Cano kehrt am 4. November nach Spanien zurück. „Es spielt keine Rolle, wer es übernimmt. Wenn das Ministerium beschließt, fortzufahren, würde ich gerne zurückkommen. Ich werde im Januar oder Februar auf eigene Kosten zurückkehren, um zu sehen, was in Los Arroyos passiert ist.“
VON INTERESSE
• Carlos Cano bereitete sich auf das Projekt vor und erhielt die europäische und spanische Zertifizierung als Drohnenpilot, einschließlich der höchsten Zertifizierungen STS 01 und STS 02.

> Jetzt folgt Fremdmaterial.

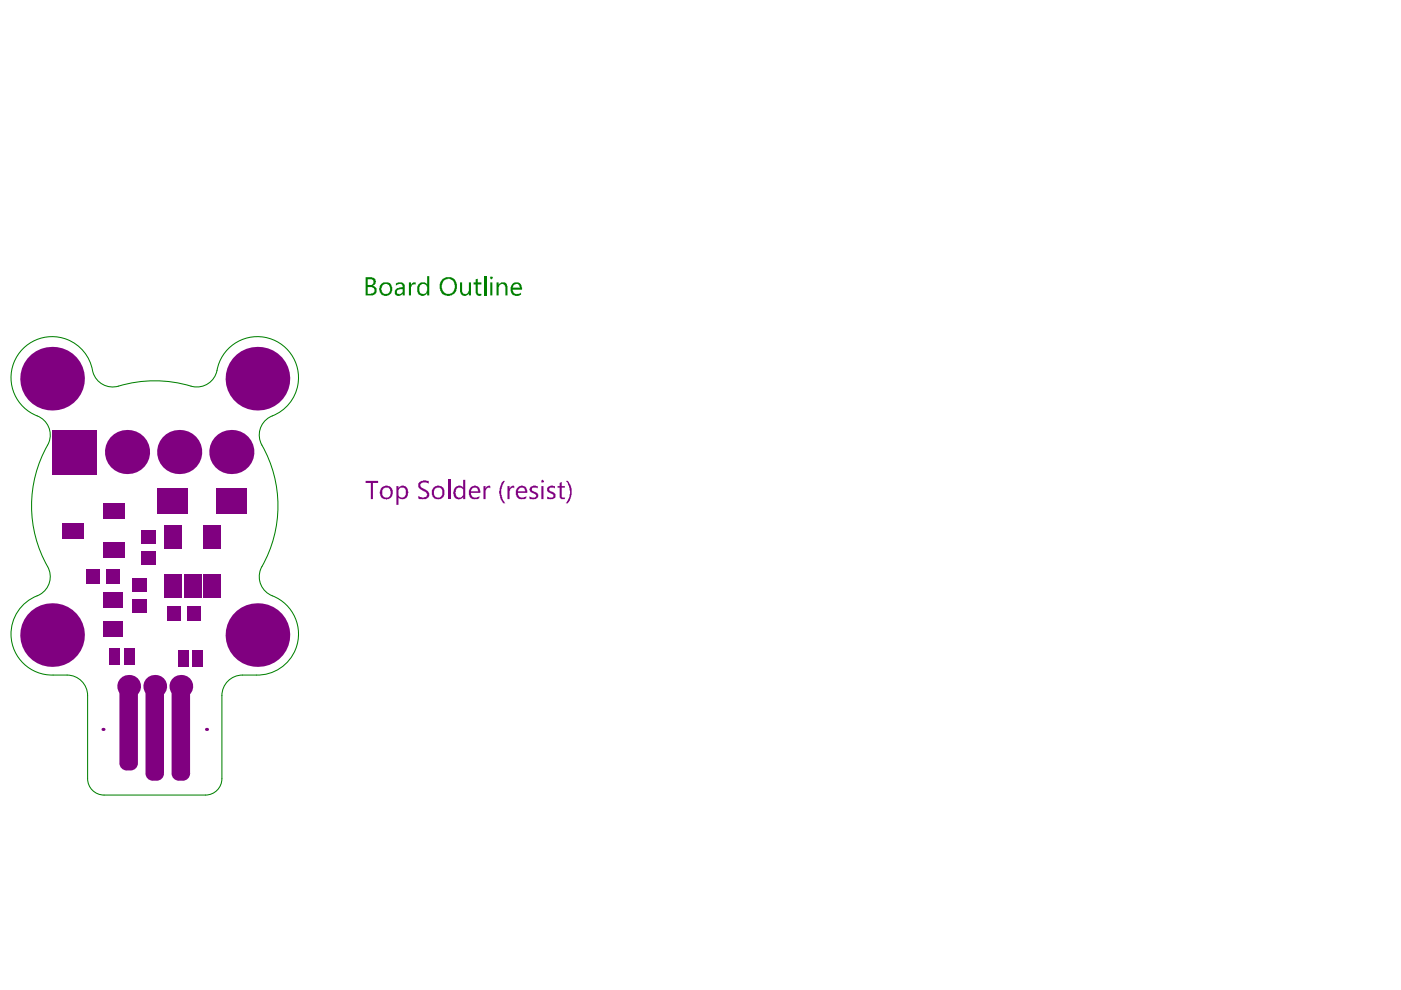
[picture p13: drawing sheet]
<svg xmlns="http://www.w3.org/2000/svg" width="297mm" height="210mm" viewBox="0 0 297 210" stroke-linecap="round" stroke-linejoin="round" font-family="sans-serif">
<path d="M11.3 143.1h2.9M18.6 147.5v17.6M47 147.5v17.6M51.4 143.1h3M22.1 168.6h21.5" fill="none" stroke="#008000" stroke-width=".22"/>
<g fill="#008000">
<path d="M86.7 59.9h.4v.5l.1-.2a.67 .67 0 0 1 .9-.3v.4a.79 .79 0 0 0-1 .9v1.4h-.4z"/>
<path d="M97.5 59.9h.5v1.6a.67 .67 0 0 0 .5 .8 .67 .67 0 0 0 .8-.5l.1-1.9h.5v2.7h-.5v-.4a1.02 1.02 0 0 1-1.2 .4 1.02 1.02 0 0 1-.7-1.1z"/>
<path d="M100.9 59.2l.4-.1v.8h.8v.4h-.8v1.8l.1 .2h.7v.3a.78 .78 0 0 1-.9 0 .78 .78 0 0 1-.3-.7v-1.6h-.5v-.4h.5z"/>
<path d="M78 59.2v1.2h.4a.6 .6 0 0 0 .8-.3v-.1a.6 .6 0 0 0-.6-.8zM78 60.9v1.4h.6a.83 .83 0 0 0 .7-1.2l-.5-.2zM77.5 58.8h1.1a.98 .98 0 0 1 1 .7 .98 .98 0 0 1-.5 1.1 .98 .98 0 0 1 .8 .9 .98 .98 0 0 1-.6 1l-1.8 .1z"/>
<path d="M81.1 60.5v.1a1.13 1.13 0 0 0 .7 1.8v-.1a1 1 0 0 0 .8-1.5 .57 .57 0 0 0-.7-.6h-.4zM80.6 60.4a1.59 1.59 0 0 1 2.2-.2v.1a1.41 1.41 0 0 1-.2 2.1 1.41 1.41 0 0 1-2.1-.5l-.1-.8z"/>
<path d="M84.2 61.6v.2a.36 .36 0 0 0 0 .4 .36 .36 0 0 0 .4 .1v.1l.4-.1 .1-.2a.57 .57 0 0 0 .3-.8h-.7zM83.9 60.1a1.11 1.11 0 0 1 1.2-.2 1.11 1.11 0 0 1 .7 1v1.7h-.4v-.4a.9 .9 0 0 1-.9 .5 .9 .9 0 0 1-.8-.5v-.1a.96 .96 0 0 1 .9-1.1l.8-.1v-.4a.94 .94 0 0 0-1.5 0z"/>
<path d="M88.7 60.3a1.22 1.22 0 0 1 1.9 0v-1.8h.4v4.1h-.4v-.4a1.12 1.12 0 0 1-1.3 .5 1.12 1.12 0 0 1-.8-1.1v-.8zM89 60.5a2.12 2.12 0 0 0 .1 1.7h.1a.88 .88 0 0 0 1.4-.8v-.4a.92 .92 0 0 0-1.5-.6z"/>
<path d="M94 59.5v.2a1.73 1.73 0 0 0 .4 2.5 1.38 1.38 0 0 0 2-1.4v-.2a1.54 1.54 0 0 0-1.2-1.5l-.7 .1zM93.7 59.3a2.01 2.01 0 0 1 2.8 .1 2.32 2.32 0 0 1-.4 3 1.88 1.88 0 0 1-2.1 0 1.88 1.88 0 0 1-.8-2z"/>
</g>
<path d="M102.8 58.5v4.1" fill="none" stroke="#008000" stroke-width=".44"/>
<g fill="#008000">
<path d="M105.3 59.9h.4v.4a1.02 1.02 0 0 1 1.2-.4 1.02 1.02 0 0 1 .7 1.1v1.6h-.4v-1.6a.73 .73 0 0 0-.8-.8 .73 .73 0 0 0-.7 .9v1.5h-.4z"/>
<path d="M103.9 58.7a.32 .32 0 0 1 .4 0 .32 .32 0 0 1 .1 .4 .25 .25 0 0 1-.3 .1 .25 .25 0 0 1-.2-.3zM103.9 59.9h.5v2.7h-.5z"/>
<path d="M108.8 60.5l-.1 .5h1.6l-.2-.1a.64 .64 0 0 0-.4-.7 .64 .64 0 0 0-.8 .3zM108.6 60.2a1.23 1.23 0 0 1 1.4-.3 1.23 1.23 0 0 1 .7 1.3v.2h-2a1.05 1.05 0 0 0 .7 .9 1.05 1.05 0 0 0 1.1-.2v.3a1.36 1.36 0 0 1-1.8 .1 1.36 1.36 0 0 1-.3-1.7z"/>
</g>
<path d="M11.3 143.1a8.7 8.7 0 0 1-8.8-7.3 8.7 8.7 0 0 1 6-9.7 4.3 4.3 0 0 0 1.6-6 26.3 26.3 0 0 1 .3-26.3 4.4 4.4 0 0 0-2.5-5.6 8.7 8.7 0 0 1-2.2-15 8.7 8.7 0 0 1 14 5.7 4.4 4.4 0 0 0 5.4 3 26.9 26.9 0 0 1 15.8 .1 4.4 4.4 0 0 0 5.1-3.4 8.7 8.7 0 0 1 14.4-5 8.7 8.7 0 0 1-3.2 14.8 4.3 4.3 0 0 0-1.7 6 26.3 26.3 0 0 1-.2 26.3 4.3 4.3 0 0 0 2.4 5.6 8.7 8.7 0 0 1 5.4 9.8 8.7 8.7 0 0 1-8.7 7M14.2 143.1a4.4 4.4 0 0 1 4.4 4.4M51.4 143.1a4.4 4.4 0 0 0-4.4 4.4M18.6 165.1a3.5 3.5 0 0 0 3.5 3.5M47 165.1a3.5 3.5 0 0 1-3.4 3.5" fill="none" stroke="#008000" stroke-width=".22"/>
<g fill="#800080">
<path d="M77.5 102h2.7v.4h-1.1v3.4h-.5v-3.4h-1.1z"/>
<path d="M88.9 102.2h.1a1.81 1.81 0 0 1 1.8-.2h.1v.5a1.33 1.33 0 0 0-1.8 .2l.1 .6 .6 .3a1.54 1.54 0 0 1 1.2 1.6 1.53 1.53 0 0 1-1.9 .6l-.4-.1v-.5h.1a1.2 1.2 0 0 0 1.7 0 .39 .39 0 0 0-.2-.7l-.1-.2-.3-.1a1.76 1.76 0 0 1-1.2-1.1v-.6z"/>
<path d="M81.2 103.7a1.12 1.12 0 0 0-.1 1.3 1.12 1.12 0 0 0 1.2 .5 1.27 1.27 0 0 0 0-2.1h-.2a.6 .6 0 0 0-.8 .3zM80.9 103.3a1.44 1.44 0 0 1 2.1 .2 1.44 1.44 0 0 1-.2 2 1.44 1.44 0 0 1-2.1-.2 1.5 1.5 0 0 1 .2-1.9z"/>
<path d="M84 103.1h.5v.4a1.06 1.06 0 0 1 1.3-.5 1.06 1.06 0 0 1 .7 1.2 1.39 1.39 0 0 1-1.2 1.7l-.6-.2-.2-.3v1.6h-.5zM84.6 103.6l-.1 1.1a.79 .79 0 0 0 .9 .8 .79 .79 0 0 0 .6-1 .83 .83 0 0 0-.9-1.1z"/>
<path d="M92.1 103.7v.1a1.19 1.19 0 0 0 .5 1.7 1.09 1.09 0 0 0 1.2-.8 1.09 1.09 0 0 0-.7-1.3h-.5zM91.8 103.5a1.43 1.43 0 0 1 1.9-.3 1.43 1.43 0 0 1 .4 2v.1a1.54 1.54 0 0 1-2.2 .2 1.8 1.8 0 0 1-.1-2z"/>
</g>
<path d="M95.2 101.7v4.1" fill="none" stroke="#800080" stroke-width=".44"/>
<g fill="#800080">
<path d="M102.5 103.1h.5v.5l.1-.3 .2-.1a.43 .43 0 0 1 .6-.1v.4a.67 .67 0 0 0-.7 0 .67 .67 0 0 0-.2 .7v1.6h-.5z"/>
<path d="M106.4 102.3l.3-.3h.5l-.3 .1-.1 .3a3.6 3.6 0 0 0 .4 4.3h-.5l-.1-.2a3.6 3.6 0 0 1-.4-3.5z"/>
<path d="M107.6 103.1h.4v.5l.3-.4a.55 .55 0 0 1 .7-.1v.4a.56 .56 0 0 0-.6 0 .56 .56 0 0 0-.3 .6h-.1v1.7h-.4z"/>
<path d="M112.4 103.4l.6-.4 1 .1v.4l-.5-.1a.43 .43 0 0 0-.7 .2 .43 .43 0 0 0 .3 .6l.1 .1a.79 .79 0 0 1 .9 .8 .79 .79 0 0 1-1 .7l-.1 .1-.6-.1-.2-.5a1.27 1.27 0 0 0 1.5 0v-.4l-.2-.2a1.44 1.44 0 0 1-1.3-1z"/>
<path d="M116.1 103.3l.7-.3 .9 .1v.4l-.5-.1a.48 .48 0 0 0-.6 0 .48 .48 0 0 0 0 .7l.5 .2a.92 .92 0 0 1 .6 1.3l-1 .3-.7-.2v-.4l.6 .2a.48 .48 0 0 0 .6-.1 .48 .48 0 0 0 0-.6l-.4-.2a.88 .88 0 0 1-.7-1.2z"/>
<path d="M118.7 102.4l.4-.2v.9h.7v.3h-.7v1.5a.4 .4 0 0 0 .1 .6 .4 .4 0 0 0 .6-.1v.4h-.4a.6 .6 0 0 1-.7-.3v-2.1h-.5v-.3h.5z"/>
<path d="M120 102h.4v.1a3.9 3.9 0 0 1 0 4.6h-.4v-.1a3.5 3.5 0 0 0 .5-3.6l-.2-.7z"/>
<path d="M96.4 103.4a1.11 1.11 0 0 1 1.8 0v-1.7h.4v4.1h-.4v-.4a1.19 1.19 0 0 1-1.8 .1 1.82 1.82 0 0 1 0-2.1zM96.8 103.6v.1a1.27 1.27 0 0 0 0 1.5 .78 .78 0 0 0 .8 .3 .78 .78 0 0 0 .6-.8v-.5a.77 .77 0 0 0-.4-.7 .77 .77 0 0 0-.8 0z"/>
<path d="M100 103.7l-.1 .5h1.5a.75 .75 0 0 0-.5-.8 .75 .75 0 0 0-.8 .2zM99.6 103.5a1.2 1.2 0 0 1 1.4-.5 1.2 1.2 0 0 1 .8 1.3v.2h-1.9a1 1 0 0 0 .5 .9 1 1 0 0 0 1 0l.2-.2v.4l-.3 .2a1.45 1.45 0 0 1-1.8-.6 2.2 2.2 0 0 1 .1-1.7z"/>
<path d="M109.9 103.7l-.1 .5h1.6v-.1a.78 .78 0 0 0-.6-.7 .78 .78 0 0 0-.9 .3zM109.6 103.5a1.22 1.22 0 0 1 1.4-.5 1.22 1.22 0 0 1 .8 1.3v.2h-2a1 1 0 0 0 .5 .9 1 1 0 0 0 1.1 0l.2-.2v.4l-.4 .2a1.39 1.39 0 0 1-1.8-1.2v-.7z"/>
<path d="M114.8 101.8a.28 .28 0 0 1 .4 .1 .28 .28 0 0 1-.1 .4h-.3zM114.8 103.1h.4v2.7h-.4z"/>
<path d="M32.4 164v1.5zM30.9 164h1.5v1.5a1.53 1.53 0 0 1-1.5-1.5z"/>
<path d="M33.2 164h1.6zM33.2 164h1.6a1.53 1.53 0 0 1-1.6 1.5z"/>
<path d="M33.2 144.7v1.5zM33.2 144.7a1.53 1.53 0 0 1 1.6 1.5h-1.6z"/>
<path d="M30.9 146.2h1.5zM31.1 145.3l.8-.6h.5v1.5h-1.5z"/>
<path d="M37.9 164v1.5zM36.4 164h1.5v1.5a1.53 1.53 0 0 1-1.5-1.5z"/>
<path d="M38.8 164h1.5zM38.8 164h1.5a1.53 1.53 0 0 1-1.5 1.5z"/>
<path d="M38.8 144.7v1.5zM38.8 144.7a1.53 1.53 0 0 1 1.5 1.5h-1.5z"/>
<path d="M36.4 146.2h1.5zM36.7 145.3l.7-.6h.5v1.5h-1.5z"/>
<path d="M26.9 161.8v1.6zM25.3 161.8h1.6v1.6a1.53 1.53 0 0 1-1.6-1.6z"/>
<path d="M27.7 161.8h1.5zM27.7 161.8h1.5a1.53 1.53 0 0 1-1.5 1.6z"/>
<path d="M27.7 144.7v1.5zM27.7 144.7a1.53 1.53 0 0 1 1.5 1.5h-1.5z"/>
<path d="M25.3 146.2h1.6zM25.6 145.3l.8-.6h.5v1.5h-1.6z"/>
<circle cx="21.8" cy="154.7" r=".33"/>
<circle cx="43.8" cy="154.7" r=".33"/>
<circle cx="38.3" cy="145.5" r="2.42"/>
<circle cx="32.8" cy="145.5" r="2.42"/>
<circle cx="27.3" cy="145.5" r="2.42"/>
<circle cx="11" cy="134.6" r="6.7"/>
<circle cx="54.6" cy="134.6" r="6.7"/>
<circle cx="49.1" cy="95.8" r="4.7"/>
<circle cx="26.9" cy="95.8" r="4.7"/>
<circle cx="38" cy="95.8" r="4.7"/>
<circle cx="11" cy="80.3" r="6.7"/>
<circle cx="54.6" cy="80.3" r="6.7"/>
</g>
<g fill="#800080">
<path d="M11.2 91.2h9.4v9.3h-9.4z" fill-rule="evenodd"/>
<path d="M30.9 146.2l1.5-1.5h.8l1.6 1.5v17.8l-1.6 1.5h-.8l-1.5-1.5z" fill-rule="evenodd"/>
<path d="M36.4 146.2l1.5-1.5h.9l1.5 1.5v17.8l-1.5 1.5h-.9l-1.5-1.5z" fill-rule="evenodd"/>
<path d="M25.3 146.2l1.6-1.5h.8l1.5 1.5v15.6l-1.5 1.6h-.8l-1.6-1.6z" fill-rule="evenodd"/>
<path d="M34.9 121.8h3.7v5h-3.7z" fill-rule="evenodd"/>
<path d="M39 121.8h3.7v5h-3.7z" fill-rule="evenodd"/>
<path d="M43.2 121.8h3.7v5h-3.7z" fill-rule="evenodd"/>
<path d="M43.2 111.4h3.7v5h-3.7z" fill-rule="evenodd"/>
<path d="M34.9 111.4h3.7v5h-3.7z" fill-rule="evenodd"/>
<path d="M29.9 112.5h3.1v2.8h-3.1z" fill-rule="evenodd"/>
<path d="M29.9 116.8h3.1v2.8h-3.1z" fill-rule="evenodd"/>
<path d="M35.5 128.6h2.8v3.1h-2.8z" fill-rule="evenodd"/>
<path d="M39.8 128.6h2.8v3.1h-2.8z" fill-rule="evenodd"/>
<path d="M45.8 103.4h6.5v5.5h-6.5z" fill-rule="evenodd"/>
<path d="M33.4 103.4h6.5v5.5h-6.5z" fill-rule="evenodd"/>
<path d="M22.6 120.7h2.8v3.1h-2.8z" fill-rule="evenodd"/>
<path d="M18.2 120.7h2.9v3.1h-2.9z" fill-rule="evenodd"/>
<path d="M21.9 131.8h4.2v3.2h-4.2z" fill-rule="evenodd"/>
<path d="M21.9 125.7h4.2v3.2h-4.2z" fill-rule="evenodd"/>
<path d="M13.2 110.9h4.5v3.3h-4.5z" fill-rule="evenodd"/>
<path d="M21.9 106.8h4.5v3.3h-4.5z" fill-rule="evenodd"/>
<path d="M21.9 115.1h4.5v3.2h-4.5z" fill-rule="evenodd"/>
<path d="M28.1 127h3v2.9h-3z" fill-rule="evenodd"/>
<path d="M28.1 122.7h3v2.8h-3z" fill-rule="evenodd"/>
<path d="M26.3 137.4h2.1v3.5h-2.1z" fill-rule="evenodd"/>
<path d="M23.2 137.4h2.2v3.5h-2.2z" fill-rule="evenodd"/>
<path d="M37.8 137.8h2.2v3.5h-2.2z" fill-rule="evenodd"/>
<path d="M40.9 137.8h2.1v3.5h-2.1z" fill-rule="evenodd"/>
</g>
</svg>

• Bei der letzten Begehung, sagt Cano: „Wir fanden manacla– und guanito-Samen, die nicht gekeimt, aber noch lebendig waren.“
• Bei der Aufforstung mit Drohnen wird ein sehr großes Volumen an Samen verwendet.
• Cideal ist eine unabhängige Stiftung, die seit 1983 im Bereich der Entwicklungszusammenarbeit tätig ist. Ihr Hauptsitz befindet sich in Madrid, Spanien.
• Der Critical Ecosystem Partnership Fund war an Projekten dieser Art interessiert und war der erste, der Cideal finanzierte.
• Statt einer Drohne T30 empfiehlt Cano die Verwendung einer T20 oder T25 mit vier Rotoren.
• Ein Teil der manacla-Samen wurde vom Botanischen Garten von Santiago beigesteuert.